> Records excerpted from a collection:
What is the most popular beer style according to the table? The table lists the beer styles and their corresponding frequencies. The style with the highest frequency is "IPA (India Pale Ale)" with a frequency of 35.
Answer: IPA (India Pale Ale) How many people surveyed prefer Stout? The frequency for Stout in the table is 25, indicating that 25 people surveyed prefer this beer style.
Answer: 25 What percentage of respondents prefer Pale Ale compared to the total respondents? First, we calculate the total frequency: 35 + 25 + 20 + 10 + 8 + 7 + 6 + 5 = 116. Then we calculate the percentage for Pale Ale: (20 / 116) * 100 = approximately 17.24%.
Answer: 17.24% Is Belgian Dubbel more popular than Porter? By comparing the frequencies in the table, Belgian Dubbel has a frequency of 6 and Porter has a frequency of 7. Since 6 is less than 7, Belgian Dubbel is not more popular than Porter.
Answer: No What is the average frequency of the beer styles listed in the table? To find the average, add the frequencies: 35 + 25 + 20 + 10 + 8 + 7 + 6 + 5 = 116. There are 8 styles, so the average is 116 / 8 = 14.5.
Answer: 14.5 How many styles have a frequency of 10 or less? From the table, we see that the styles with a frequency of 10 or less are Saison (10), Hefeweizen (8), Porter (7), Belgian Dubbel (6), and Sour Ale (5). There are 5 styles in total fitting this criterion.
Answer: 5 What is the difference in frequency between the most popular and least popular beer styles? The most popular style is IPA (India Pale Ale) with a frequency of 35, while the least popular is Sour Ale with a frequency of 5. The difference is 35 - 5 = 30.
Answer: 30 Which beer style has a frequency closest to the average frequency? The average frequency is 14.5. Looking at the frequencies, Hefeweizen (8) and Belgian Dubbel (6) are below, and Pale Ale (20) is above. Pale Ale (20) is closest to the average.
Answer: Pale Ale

* * *

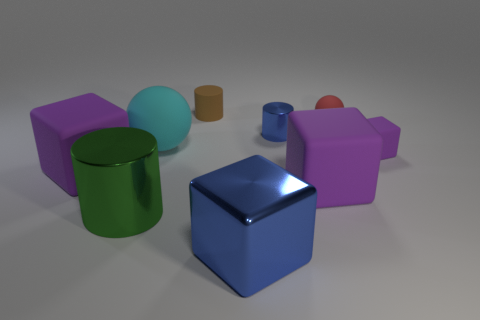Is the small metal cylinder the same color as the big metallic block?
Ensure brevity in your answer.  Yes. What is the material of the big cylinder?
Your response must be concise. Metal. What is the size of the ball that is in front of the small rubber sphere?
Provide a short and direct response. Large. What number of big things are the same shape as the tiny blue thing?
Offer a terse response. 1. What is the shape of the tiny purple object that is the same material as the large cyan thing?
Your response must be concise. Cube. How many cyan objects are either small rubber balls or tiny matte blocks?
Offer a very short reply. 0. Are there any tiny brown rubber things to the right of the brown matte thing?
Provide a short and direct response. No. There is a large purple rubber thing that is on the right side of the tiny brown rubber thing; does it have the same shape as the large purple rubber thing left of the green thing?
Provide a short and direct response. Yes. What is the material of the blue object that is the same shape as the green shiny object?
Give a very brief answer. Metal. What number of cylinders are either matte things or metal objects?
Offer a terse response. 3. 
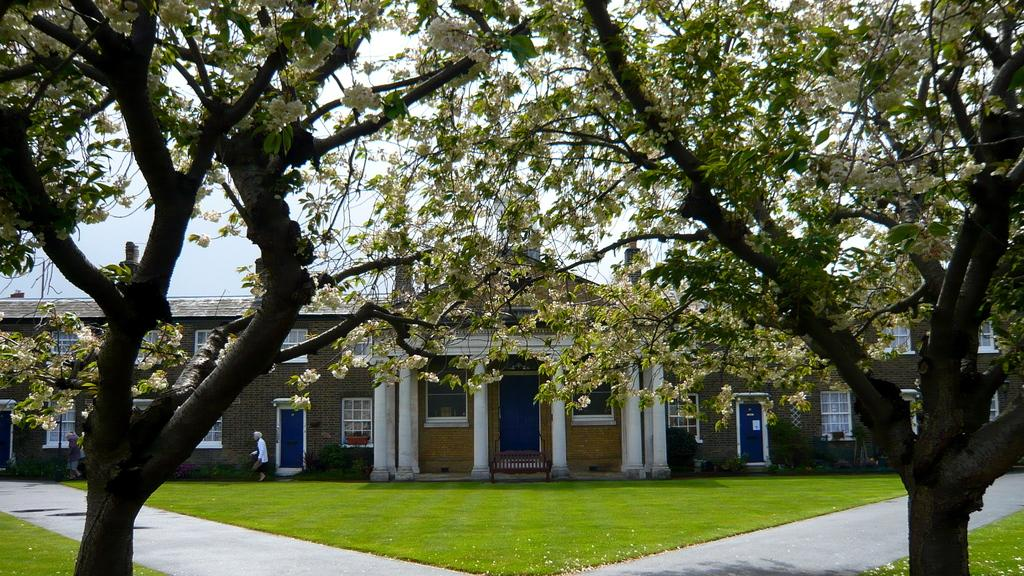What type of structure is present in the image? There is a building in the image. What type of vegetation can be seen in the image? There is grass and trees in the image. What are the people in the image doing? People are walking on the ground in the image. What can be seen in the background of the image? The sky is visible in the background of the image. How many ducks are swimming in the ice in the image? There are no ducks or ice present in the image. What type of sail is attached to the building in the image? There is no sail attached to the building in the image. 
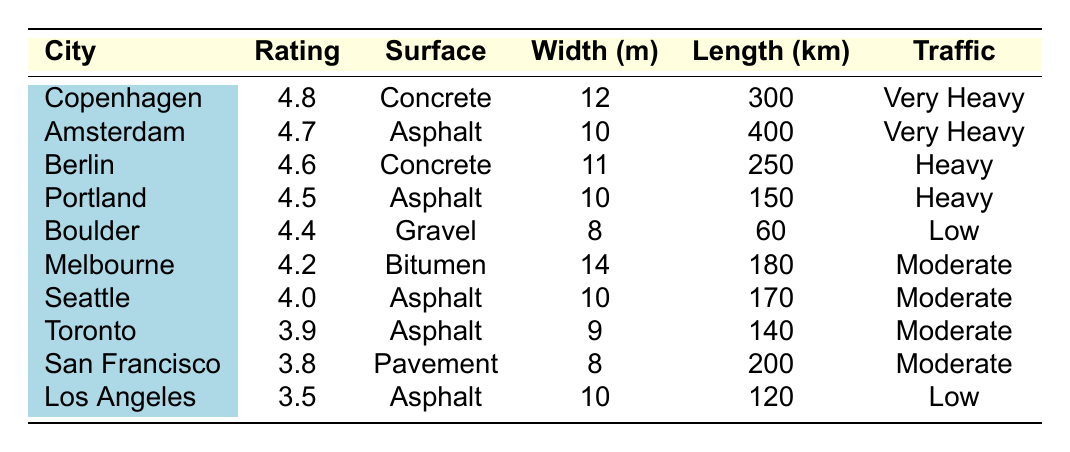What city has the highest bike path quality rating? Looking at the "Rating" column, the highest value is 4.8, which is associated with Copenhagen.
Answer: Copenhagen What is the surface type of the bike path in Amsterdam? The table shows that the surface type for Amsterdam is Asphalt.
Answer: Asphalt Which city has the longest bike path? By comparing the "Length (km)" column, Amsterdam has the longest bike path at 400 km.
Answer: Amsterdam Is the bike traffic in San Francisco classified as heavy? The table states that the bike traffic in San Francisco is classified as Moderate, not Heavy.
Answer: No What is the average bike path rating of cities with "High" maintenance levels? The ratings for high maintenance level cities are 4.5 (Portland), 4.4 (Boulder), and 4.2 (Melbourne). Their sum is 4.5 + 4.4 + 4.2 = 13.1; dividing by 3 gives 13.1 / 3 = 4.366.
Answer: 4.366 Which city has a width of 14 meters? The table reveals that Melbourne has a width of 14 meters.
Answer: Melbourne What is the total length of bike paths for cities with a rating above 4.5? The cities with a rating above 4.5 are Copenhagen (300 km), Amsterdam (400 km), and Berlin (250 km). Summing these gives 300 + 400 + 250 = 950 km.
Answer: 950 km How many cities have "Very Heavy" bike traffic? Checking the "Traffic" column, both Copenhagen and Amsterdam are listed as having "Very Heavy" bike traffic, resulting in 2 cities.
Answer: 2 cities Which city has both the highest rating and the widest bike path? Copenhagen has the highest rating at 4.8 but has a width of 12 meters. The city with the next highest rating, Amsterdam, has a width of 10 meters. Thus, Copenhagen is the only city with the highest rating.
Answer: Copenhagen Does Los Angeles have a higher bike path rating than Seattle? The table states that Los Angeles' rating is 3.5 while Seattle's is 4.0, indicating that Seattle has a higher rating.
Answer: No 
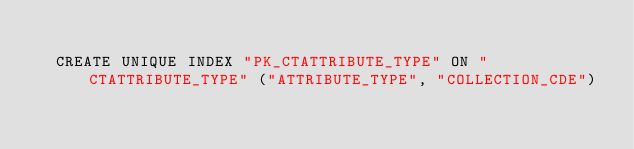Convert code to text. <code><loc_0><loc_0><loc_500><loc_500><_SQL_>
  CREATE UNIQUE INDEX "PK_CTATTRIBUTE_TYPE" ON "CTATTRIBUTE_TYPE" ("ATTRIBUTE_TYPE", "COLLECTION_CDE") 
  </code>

> Task:
Could you set down, exactly as written, the lines above between the one holding "Give a very" and the one holding "Offer a terse response. 3.", inclusive, and nothing more?

> Task result:
Give a very brief answer. Metal. What number of cylinders are either matte things or metal objects?
Offer a terse response. 3. 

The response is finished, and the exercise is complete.